Table 1 Correlation coefficient between the original time series and reconstructed component of each wavelet layer

3.2 Outlier Detection

The IQR criterion is used to detect outliers in the residuals of three coordinates by WA and LS estimation, and results are presented in Fig. 5. Obviously, WA_IQR can detect much more outliers than LS_IQR. In Fig. 5, LS_IQR fails to detect a lot of outliers, especially in the epochs of the non-stationary part, which are caused by the poor fitting to the harmonic model. Figure 5 also presents the detected outliers by the 3σ method, it seems that the 3σ method can only detect a few outliers. The new time series after eliminating outliers from the original position time series are presented in Fig. 6, from which we can see that more outliers remain in the LS_IQR and the 3σ detected time series (i.e. between 1999 and 2003) than WA_IQR detected time series. However, none of them can recognize some outliers, of which the magnitude is quite small (i.e. outliers near epoch of 2015).

Fig. 5
figure 5

Residuals derived by WA (Up) and LS (middle) for North, East and Up coordinates of BJFS station, and outliers detected by IQR and 3σ are marked with red dot

Fig. 6
figure 6

The new time series of BJFS station after outliers removed based on WA_IQR(left), LS_IQR(middle) and 3σ (right)
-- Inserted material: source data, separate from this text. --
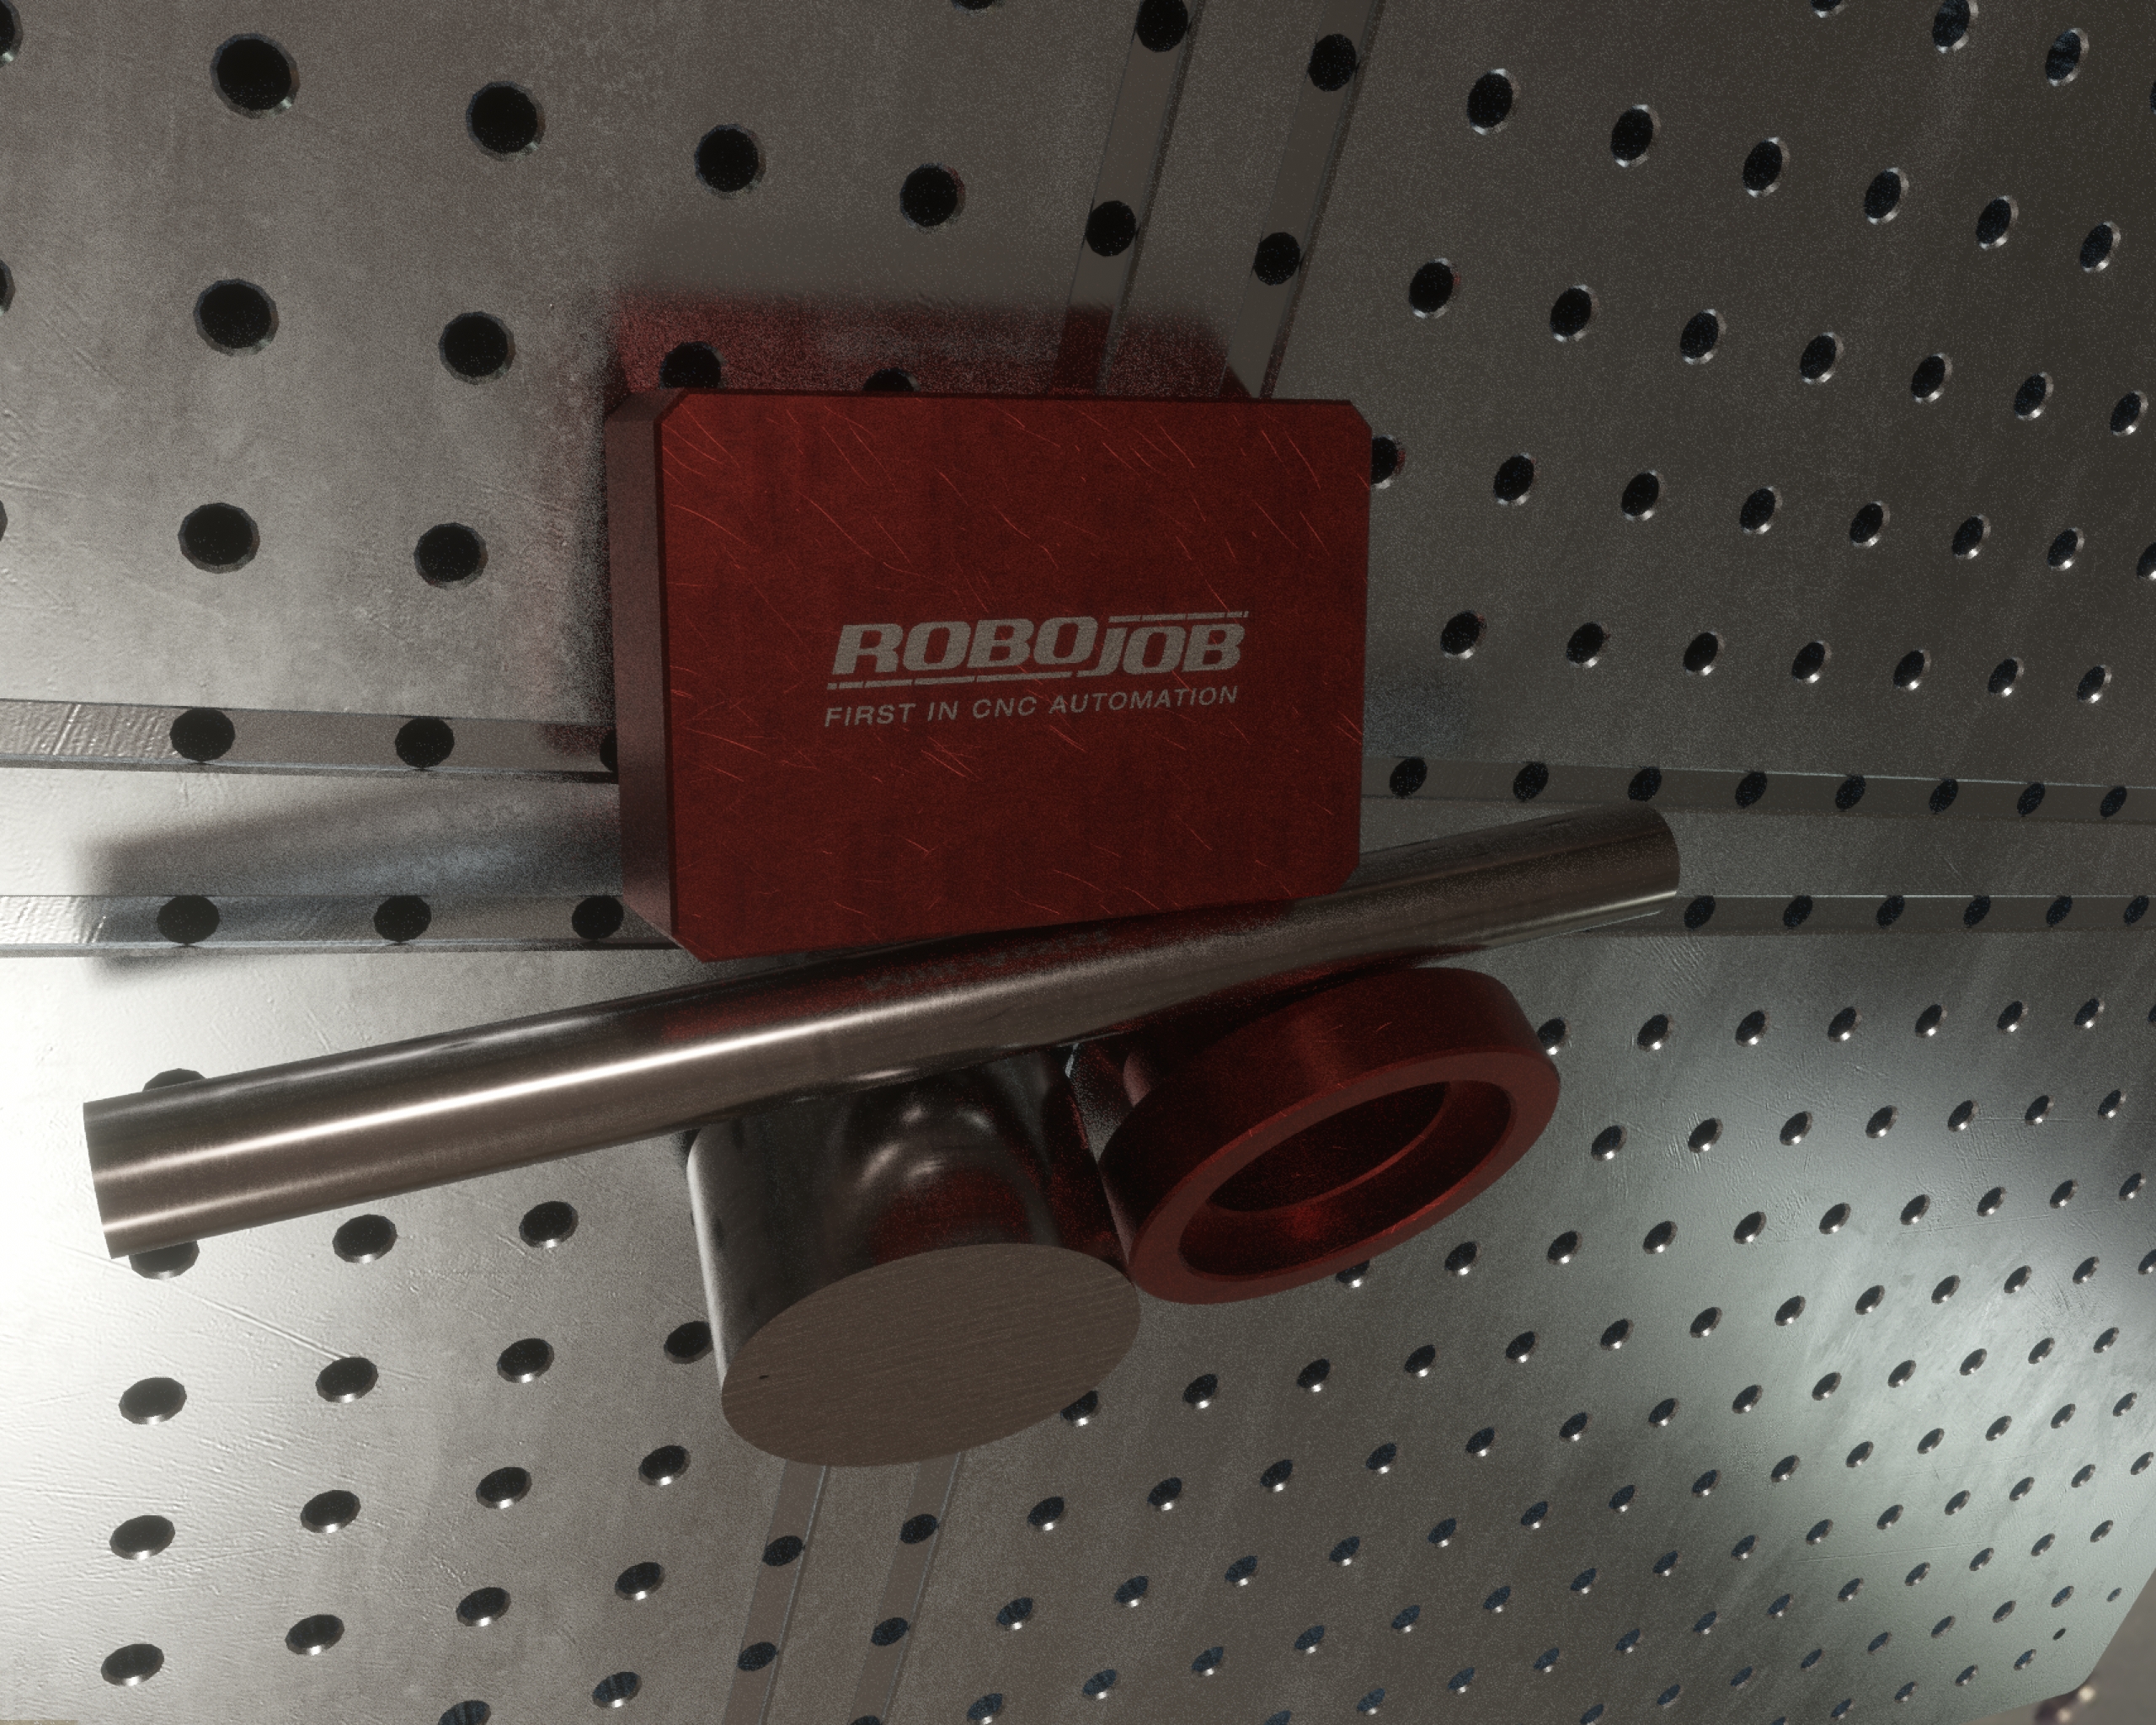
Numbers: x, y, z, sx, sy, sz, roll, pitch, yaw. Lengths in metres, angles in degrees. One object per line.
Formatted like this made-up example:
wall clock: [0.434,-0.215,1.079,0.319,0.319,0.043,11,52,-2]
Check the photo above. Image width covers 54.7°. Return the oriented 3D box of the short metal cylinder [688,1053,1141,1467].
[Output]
short metal cylinder: [-0.033,0.076,0.410,0.081,0.050,0.080,-11,140,-9]

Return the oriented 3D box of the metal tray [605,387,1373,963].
metal tray: [-0.012,-0.035,0.363,0.131,0.030,0.089,-5,102,-27]

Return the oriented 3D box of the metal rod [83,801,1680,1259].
metal rod: [-0.016,0.024,0.385,0.303,0.025,0.025,-11,123,-23]

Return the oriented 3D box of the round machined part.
round machined part: [0.049,0.051,0.445,0.099,0.042,0.098,-18,148,-12]

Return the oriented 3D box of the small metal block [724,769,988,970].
small metal block: [-0.035,0.015,0.414,0.050,0.025,0.050,19,108,-36]

Figure 7 presents the proportion of detected outliers in position time series of 27 stations for three coordinates. For the BJFS station, the proportion of detected outliers for the whole data for three coordinates are 0.77%, 0.19% and 0.84% by 3σ, 1.78%, 1.47% and 2.11% by LS_IQR, and 4.50%, 5.55% and 3.65% by WA_IQR, respectively. From the remaining stations in Fig. 7, we can clearly see that WA_IQR can detect more outliers than LS_IQR and 3σ for all stations, the mean detected proportion of 27 stations are 0.16%, 0.50% and 0.39% by 3σ, 1.62%, 1.92% and 1.62% by LS_IQR, and 4.61%, 4.65% and 2.59% by WA_IQR, respectively.

Fig. 7
figure 7

Proportions of detected outliers in 27 stations using WA_IQR, LS_IQR and 3σ

3.3 Noise Components Estimation

After detected outliers are eliminated, WA_MINQUE and LS_MINQUE are employed to estimate noise components for the 27 stations, the results are presented in Figs. 8 and 9. The noise amplitude estimates of σw and σf in Figs. 8 and 9 clearly show that the noise component of Up coordinate is much larger than those of horizontal coordinates, and the flicker noise is larger than white noise. Therefore, as confirmed by Amiri-Simkooei et al. (2007), flicker noise is dominant in the GNSS position time series. Also, both the white and flicker noise derived by WA_MINQUE are all smaller than those by LS_MINQUE.

Fig. 8
figure 8

Estimates of σw for 27 stations by two algorithms

Fig. 9
figure 9

Estimates of σf for 27 stations by two algorithms

4 Conclusions and Remarks

The traditional LS_IQR for outlier detection and LS_MINQUE for noise component estimation are all based on the harmonic functional model, which cannot well describe the time-variable seasonal signals of GNSS position time series. Consequently, the residuals derived by traditional LS estimation still contain partial signal, which will definitely affect the performance of outlier detection and lead to an imprecise estimate of the noise component. This paper develops a wavelet-based algorithm of outlier detection and noise component estimation, namely WA_IQR and WA_MINQUE. The basic idea of our new algorithm is to separate the signal and noise of the GNSS position time series by wavelet analysis firstly, then detect outliers in residual time series using IQR statistic and then estimate noise components of the residual time series after outliers eliminated. The new algorithm is verified by the real data of CMONOC and the results show that WA_IQR is more effective than LS_IQR to detect outliers and WA_MINQUE can obtain the more reasonable noise component estimates than LS_MINQUE. The noise components estimated by WA_MINQUE approach are all smaller than those by the traditional LS_MINQUE approach for all 27 CMONOC stations.